這時候我猛然發現,我有一種非常嚴重的不配得感。


 


剛才在售車大廳,一個父親陪著女兒買車,女兒剛剛大學畢業,嚷嚷著會不會太貴了?


 


那個父親卻說:「貴什麼?我女兒就是要最好的!」


 


我又聯想到爸媽,倒推一下時間線,我發現雖然我跟我哥吃穿用度一樣,可他們經常向我強調。


 


「家裡窮,

你看誰家女兒過你這種好日子!」


 


「你以後可得好好孝順爸媽。
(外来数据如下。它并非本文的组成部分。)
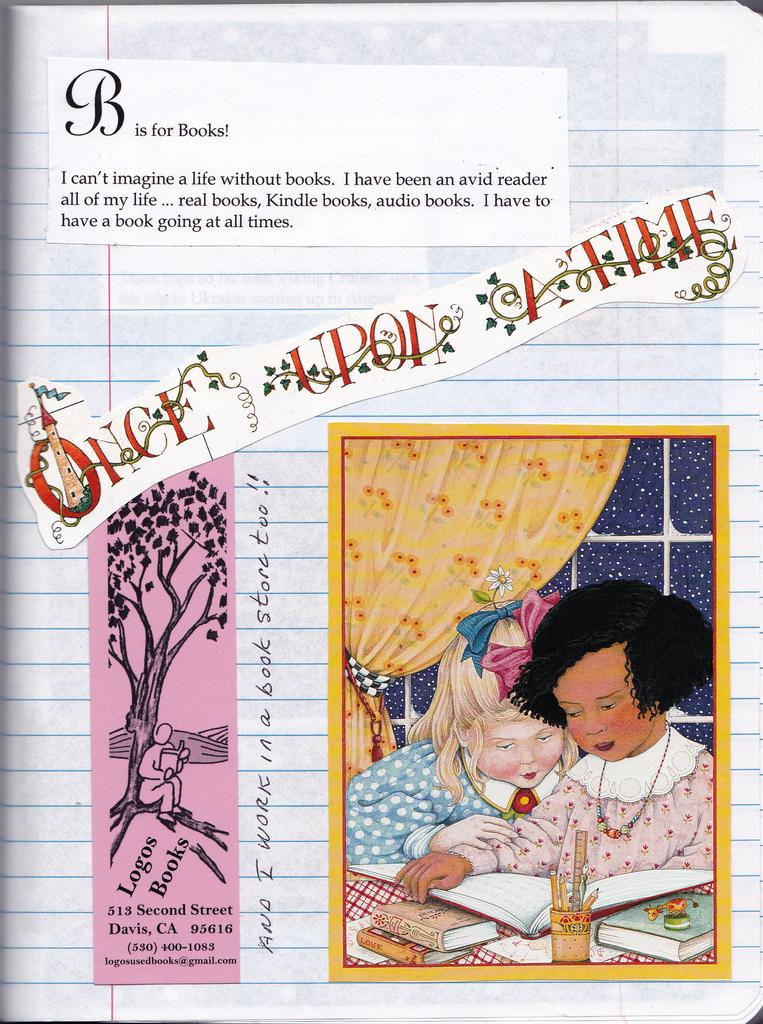What is the main subject of the image? The main subject of the image is a page of a book. What is on the page of the book? There are stickers on the page. What do the stickers contain? The stickers contain text and images. What type of mother is depicted in the scene on the sticker? There is no scene or mother present in the image; it only contains a page of a book with stickers.

」


 


……


 


揭開遮羞布我才漸漸發現,爸媽對我的愛,不是完全沒有要求。


 


他們也會向我訴苦,也會向我抱怨。


 


我現在稅後一萬二,可我買瓶礦泉水都還是會下意識看價格籤選擇最便宜的。


 


越回憶心越煩躁。


 


魏續拍了拍我的肩膀:


 


「想什麼呢!在這等我,我先去開車!」


 


我答應了一聲好,下意識地抬了下眼。


 


離我三米遠,一個穿著 Polo 衫、腋下夾著皮包的中年男人剛鎖好車。


 


大腦還沒反應過來,身體已經先動了。


 


我猛地抓住魏續的胳膊:「走走走!攔住他!快,攔住那個人!


 


魏續被我推得一個趔趄,雖然滿臉困惑,還是下意識地擋在了那人面前。


 


男人被嚇了一跳:「幹嘛啊你!」


 


就這幾秒鍾內,我快速衝到了他面前,一把扯住他。


 


「張光耀!」


 


「你個騙子!老賴!你居然還敢回羊城!」


 


他試圖甩開我,但沒成功。


 


「你誰啊你?怎麼會知道我名字!」


 


「化成灰都認得你!你叫張光耀,當初住在蘭新小區,當年就是你以做蔬菜批發生意為由騙了我爸四十萬!」


 


積壓了太久的怒火在這一刻全噴發出來。


 


周圍有人看了過來。


 


張光耀的臉瞬間漲紅,他雖然瞪著我,但眼睛裡是純粹的錯愕。


 


隨即,那錯愕變成了一種被侮辱的暴怒。


 


「放你媽的屁!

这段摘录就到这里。